Cela aurait dû être une formalité mercredi à Bruxelles : les ambassadeurs des États membres de l'UE y voteraient en faveur de la directive dite sur le devoir de diligence en matière de durabilité des entreprises (CSDDD), point final d'un processus qui a duré quatre ans pour empêcher les grandes entreprises de ignorent toujours les abus chez leurs fournisseurs.
A propos de l'auteur
Michael Persson est journaliste économique et commentateur pour de Volkskrant.
En décembre, les États membres étaient déjà parvenus à un accord provisoire à ce sujet avec la Commission européenne et le Parlement européen, qui ont voté en faveur de la directive révolutionnaire l'année dernière.
Mais mercredi, l'Allemagne, la France et l'Italie ont annoncé contre toute attente qu'elles s'abstiendraient, ce qui signifie que la proposition n'obtiendra plus une majorité qualifiée.

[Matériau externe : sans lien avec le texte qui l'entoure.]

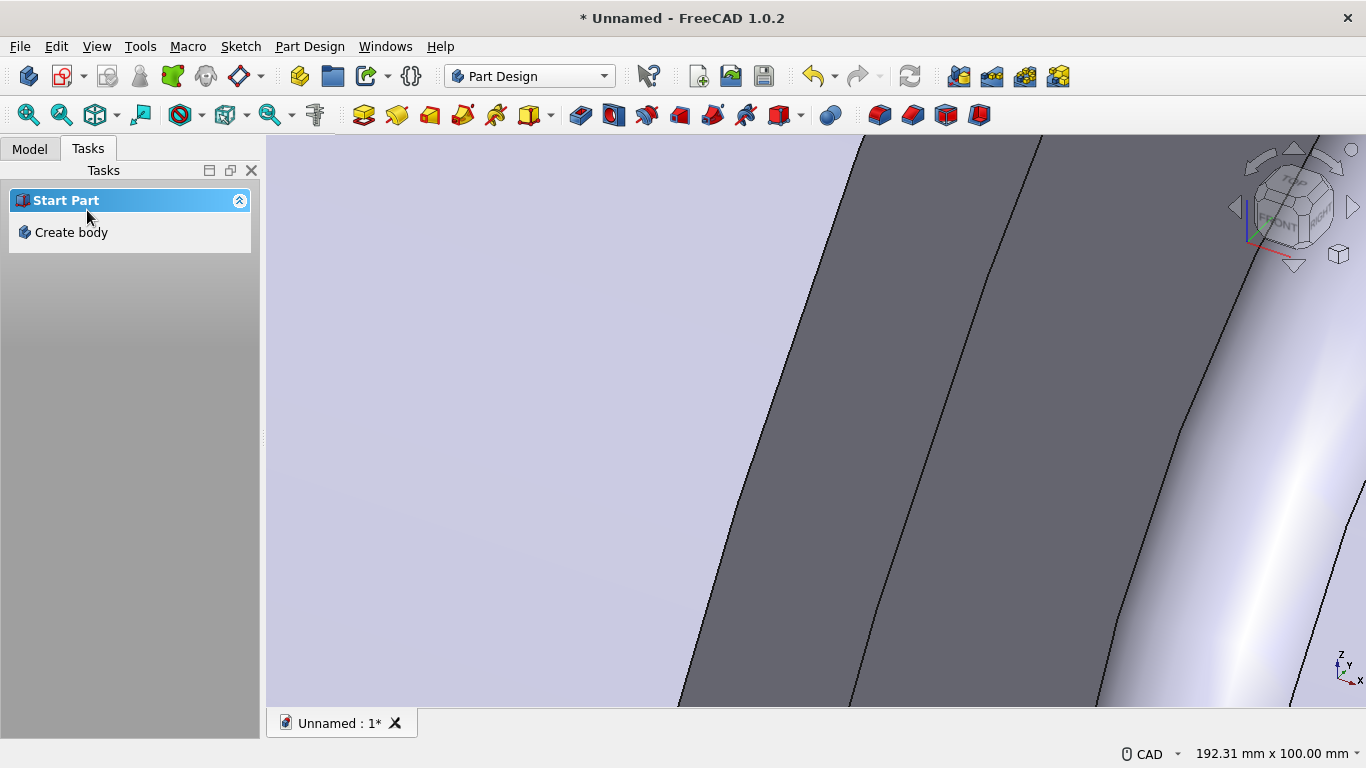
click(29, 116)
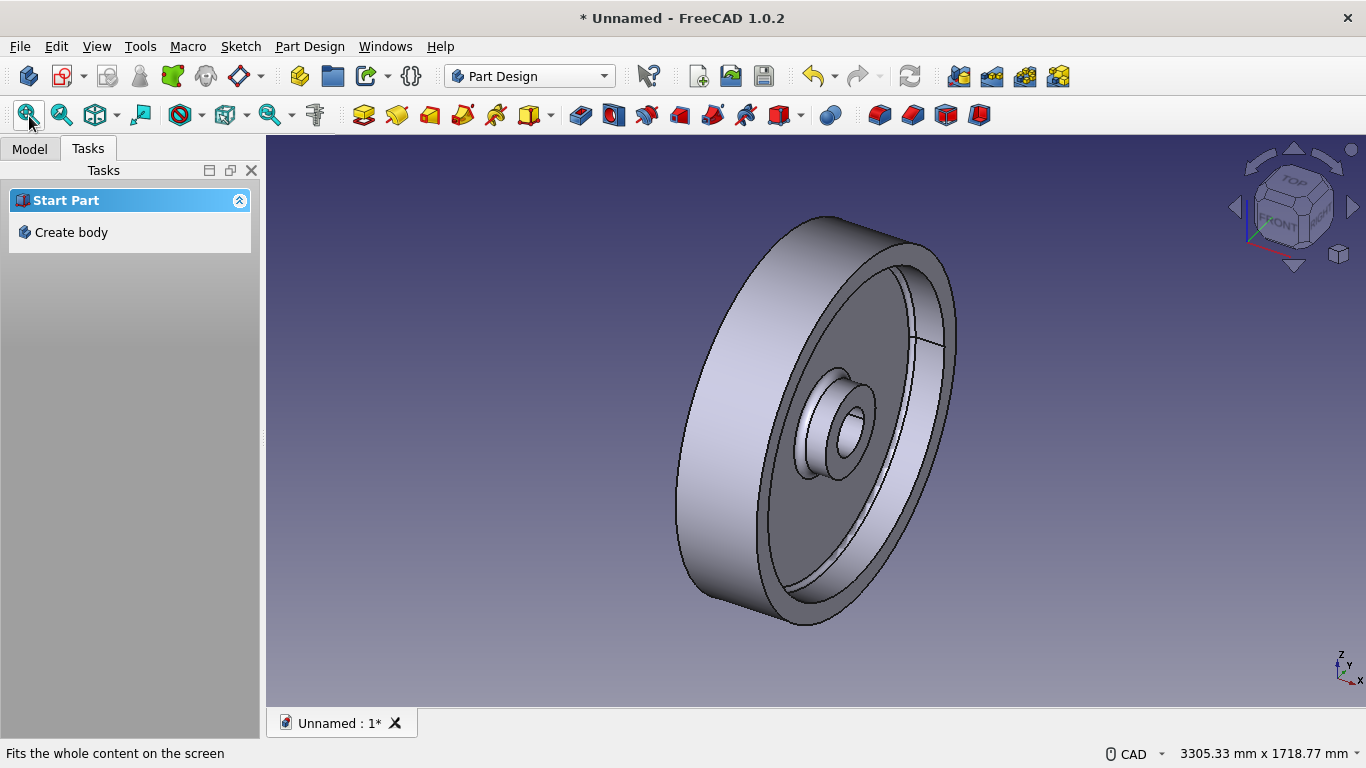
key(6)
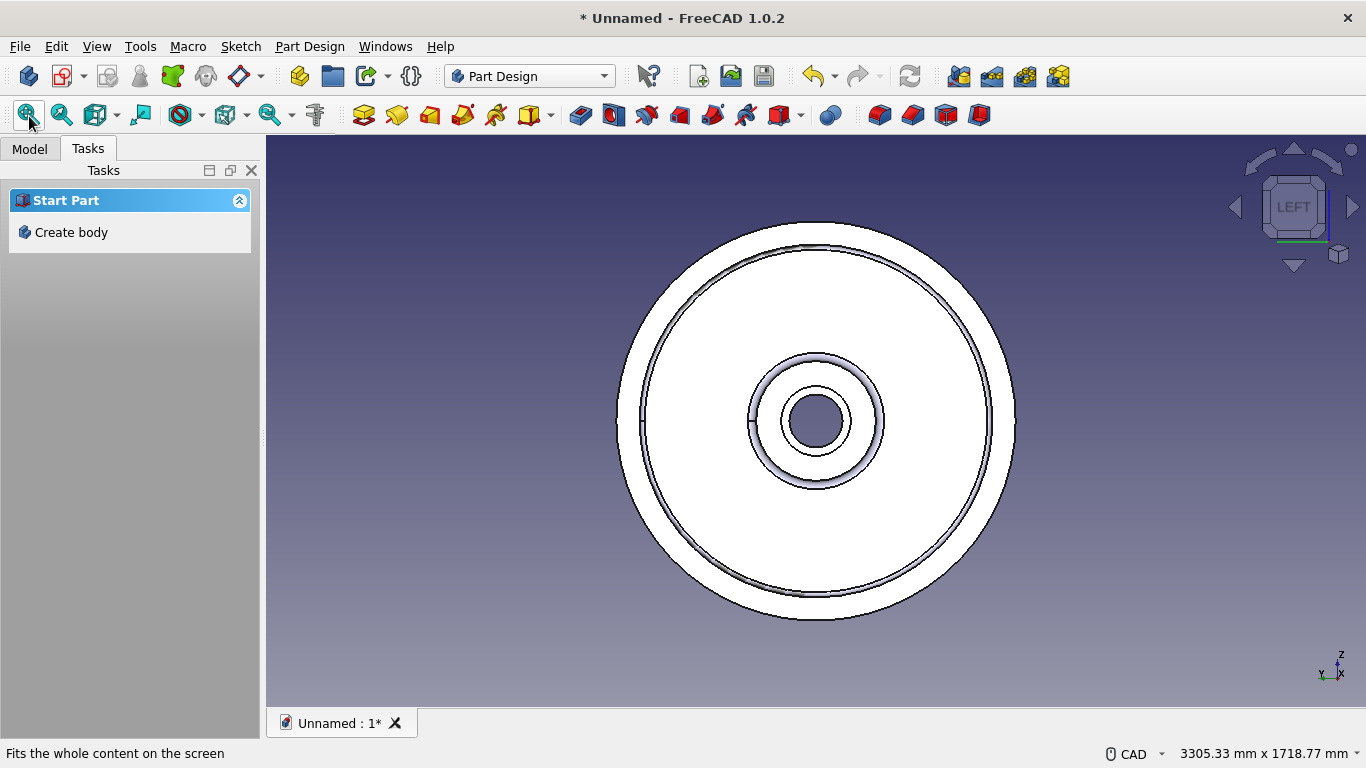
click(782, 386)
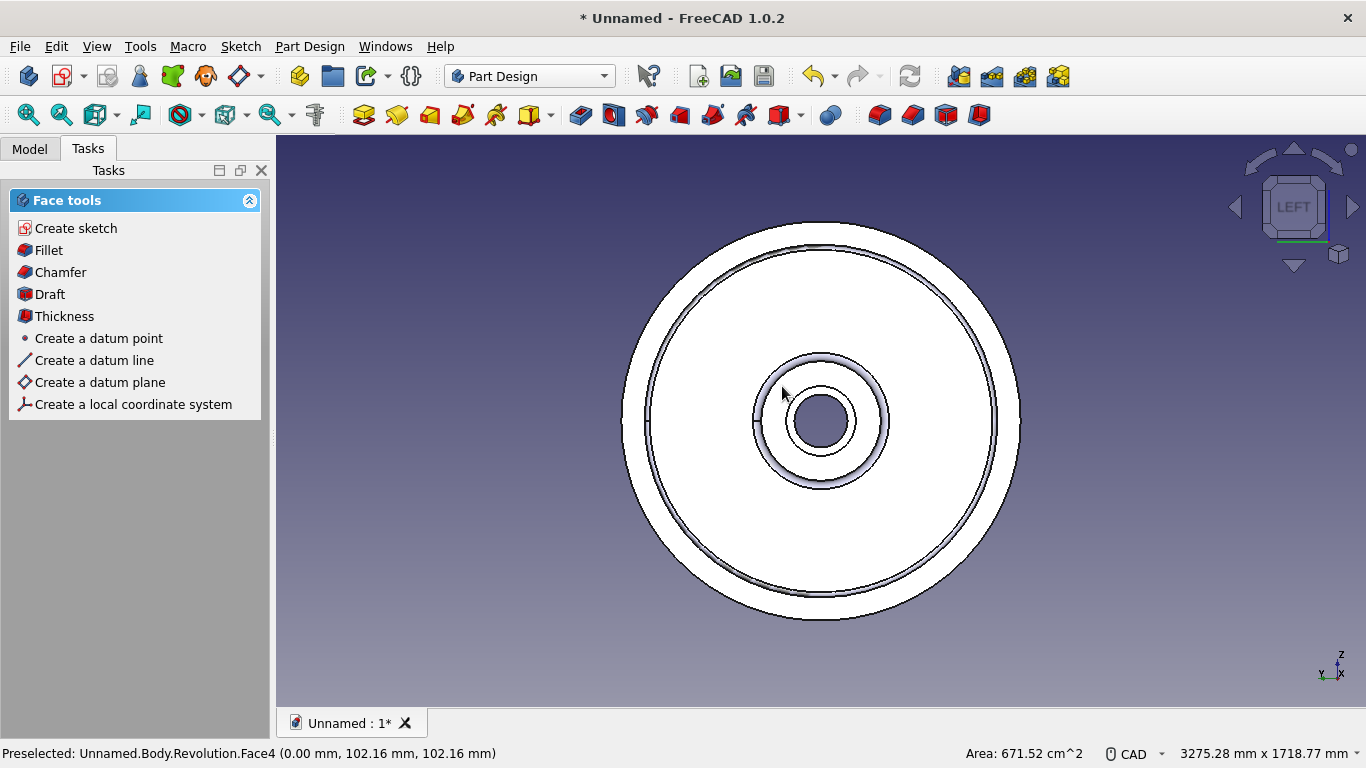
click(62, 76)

Ce n’est que si le texte est amendé d’urgence, approuvé par le Parlement et que les États membres réticents adhèrent ensuite que la proposition pourra encore être sauvée.
Opportunité manquée
La directive fait l'objet de débats depuis des années. Parce que la responsabilité de la chaîne a des conséquences majeures pour les entreprises, l'association professionnelle européenne s'y est fermement opposée. Néanmoins, l'eurodéputée néerlandaise Lara Wolters (GroenLinks-PvdA) a réussi à faire adopter cette loi « anti-détournement du regard » au Parlement début juin.
La loi obligerait les entreprises de plus de cinq cents salariés et d'un chiffre d'affaires de 150 millions d'euros à se poser des questions encore volontaires. À quel point le travail des couturières dans cette usine textile en Inde où sont fabriqués nos vêtements est-il dur ? Quels sont les dommages environnementaux causés par l’extraction des métaux nécessaires à nos éoliennes ? Les femmes qui cueillent les feuilles de notre thé au Kenya sont-elles suffisamment protégées de leurs superviseurs ?
Dans un communiqué, Wolters qualifie le résultat d' »embarrassant », car un accord a déjà été trouvé en décembre. Elle affirme que les États membres ont raté une « opportunité historique ». Le mandat du parlement actuel expire en avril, après quoi on s’attend à ce qu’un vent beaucoup plus à droite souffle.
Des objections soudaines
Ce tournant inattendu a été catalysé par le parti libéral allemand FDP, partenaire mineur du gouvernement de coalition. Au début du mois, le ministre des Finances Christian Lindner a annoncé, après consultation des milieux d'affaires allemands, que l'Allemagne s'abstiendrait lors du vote. « La responsabilité prévue par la directive est plus grande que la loi allemande, qui ne prévoit pas de responsabilité, et imposerait une charge importante aux entreprises concernées », ont écrit Lindner et son collègue Marco Buschmann dans une lettre aux associations d'employeurs.
La question était alors de savoir si d’autres pays reculeraient également. L'Italie et la France ont également émis des objections mercredi. La France a soudainement voulu relever le seuil de la taille minimale des entreprises à cinq mille salariés, ce qui réduirait le nombre d'entreprises auxquelles la loi s'appliquerait de plus de seize mille à un peu plus de deux mille.
Wolters a parlé mercredi d'un « opportunisme irresponsable » de Lindner. Elle a qualifié les objections de la France d' »insulte flagrante au processus démocratique » et de preuve qu'il suffit aux entreprises d'appeler le président Macron pour le faire plier.
Les Pays-Bas restent en tête
De nombreuses organisations sociales ont exprimé leur déception. « Le blocus est une nouvelle particulièrement mauvaise pour tous les travailleurs et communautés qui sont confrontés à des violations des droits de l'homme et à la pollution de l'environnement dans les chaînes de production mondiales », a déclaré MVO Platform, un réseau d'organisations œuvrant dans le domaine de la responsabilité sociale des entreprises.
Une loi d'initiative néerlandaise visant à obliger les entreprises à être socialement responsables a été abandonnée en septembre. Le lobby économique VNO-NCW et le VVD ont préféré une loi européenne. Cela garantirait des conditions de concurrence équitables et éviterait que les entreprises néerlandaises soient mises à la traîne par des règles plus strictes.
« VNO-NCW reste favorable à ce que cela soit organisé au niveau européen », déclare désormais un porte-parole. « Nous espérons donc que les préoccupations des États membres de l'UE pourront être prises en compte le plus rapidement possible afin que le processus législatif européen ne soit pas retardé trop longtemps. »
Le gouvernement néerlandais reste également favorable à la directive européenne. Le ministère des Affaires étrangères et du Commerce devrait fournir une réponse plus tard mercredi.